▶ [WHAT TO DO] Each record must be written out again exactly. Skip any picture it contains.

▶ [EXTRACTED ENTRIES]
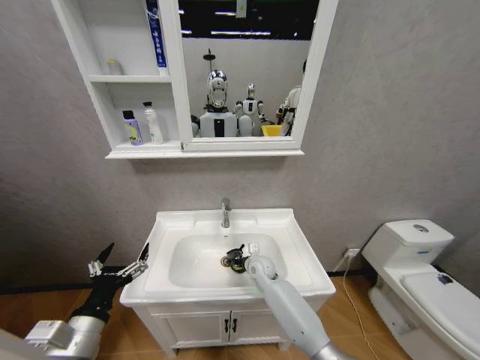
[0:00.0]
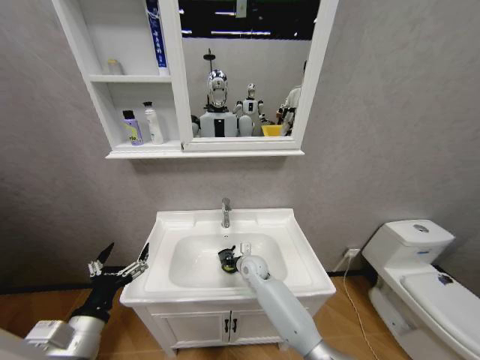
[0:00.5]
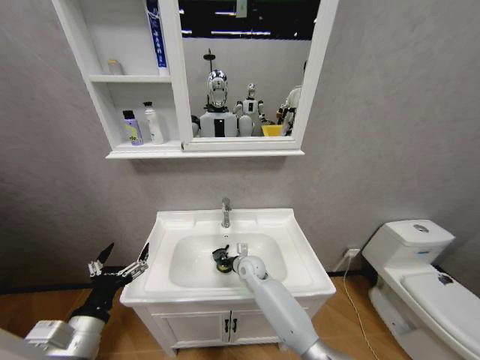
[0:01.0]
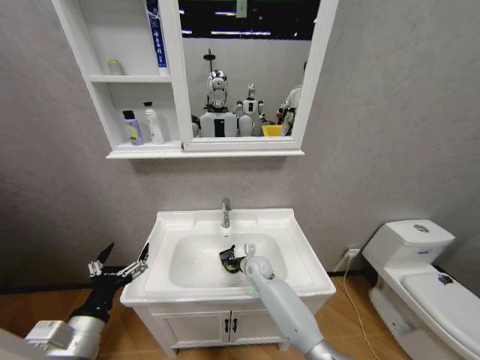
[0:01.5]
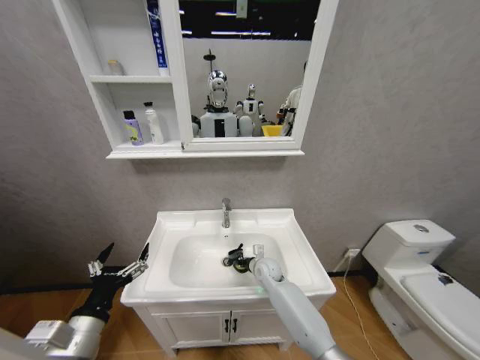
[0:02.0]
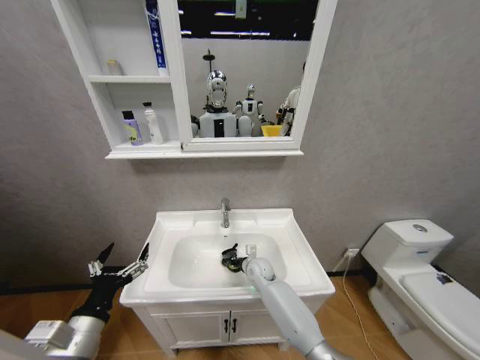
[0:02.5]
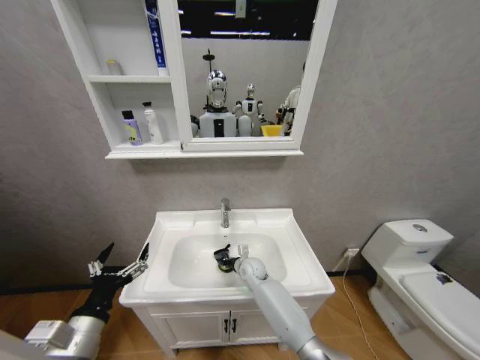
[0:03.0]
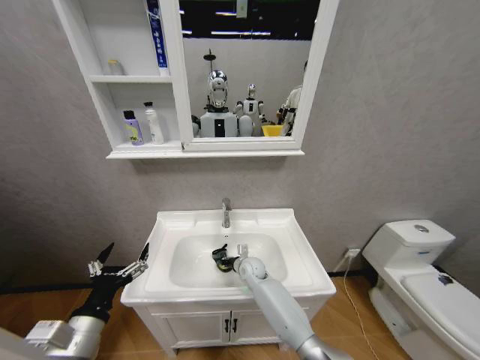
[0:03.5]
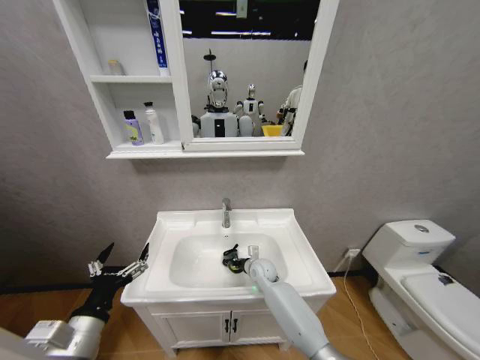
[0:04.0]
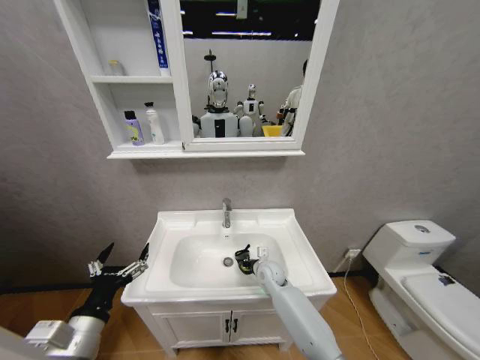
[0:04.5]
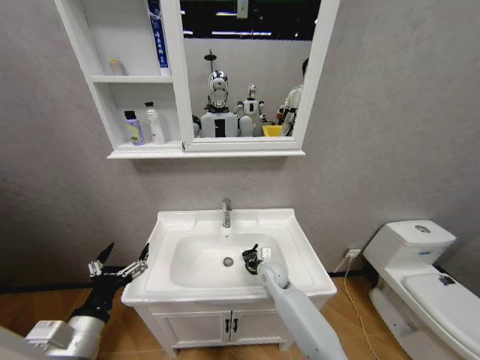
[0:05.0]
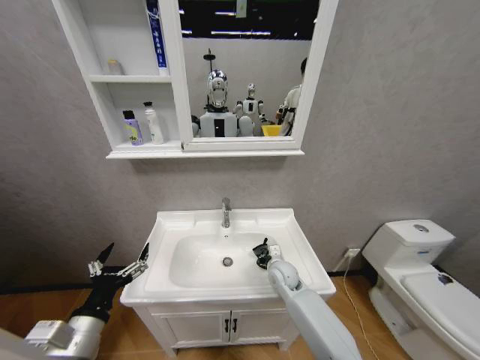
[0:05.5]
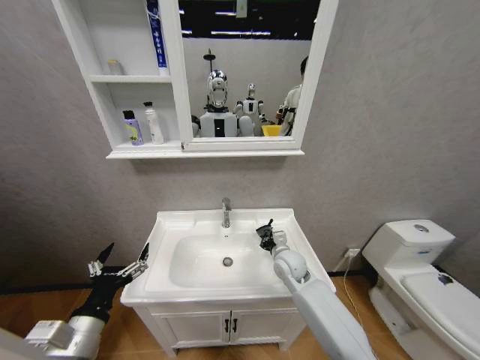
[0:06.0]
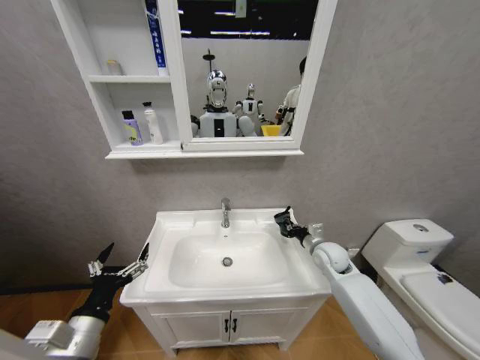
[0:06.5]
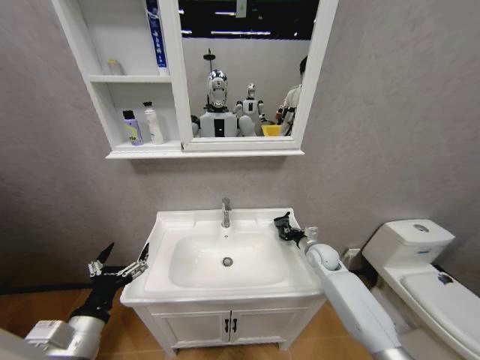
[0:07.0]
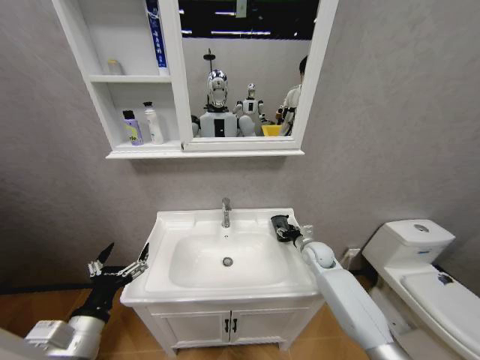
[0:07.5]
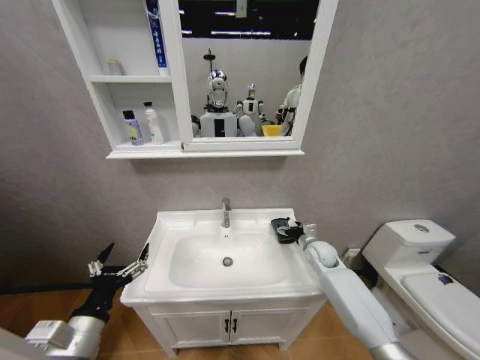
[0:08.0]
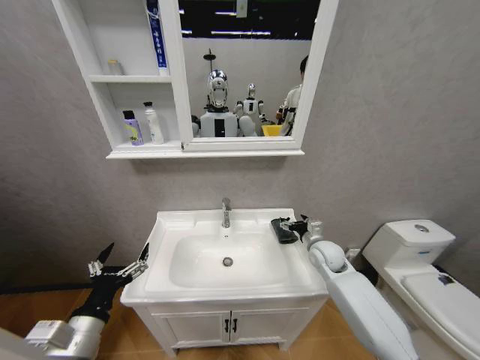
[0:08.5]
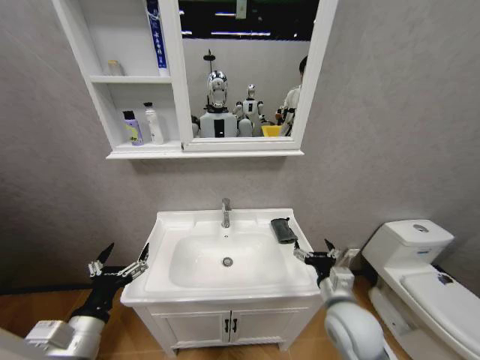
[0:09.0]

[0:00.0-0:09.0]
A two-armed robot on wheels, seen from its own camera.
Task of the whole recording: Move facial cleanser and shampoo from washbasin to cabinet, then wipe washbasin with towel.
0:00.0 to 0:02.0: The grippers stay close to where they were, moving slightly.
0:04.5 to 0:07.0: The right gripper shifts about 20 cm to the right.
0:07.0 to 0:09.0: The right gripper moves backward, approximately 25 cm, and opens.

▶ [TASK SOLUTION]
[0:00.0]
[0:00.5]
[0:01.0]
[0:01.5]
[0:02.0]
[0:02.5]
[0:03.0]
[0:03.5]
[0:04.0]
[0:04.5]
[0:05.0]
[0:05.5]
[0:06.0]
[0:06.5]
[0:07.0]
[0:07.5]
[0:08.0]
[0:08.5]
[0:09.0]

[0:00.0-0:09.0]
A two-armed robot on wheels, seen from its own camera.
Task of the whole recording: Move facial cleanser and shampoo from washbasin to cabinet, then wipe washbasin with towel.
0:00.0 to 0:02.0: The grippers stay close to where they were, moving slightly.
0:04.5 to 0:07.0: The right gripper shifts about 20 cm to the right.
0:07.0 to 0:09.0: The right gripper moves backward, approximately 25 cm, and opens.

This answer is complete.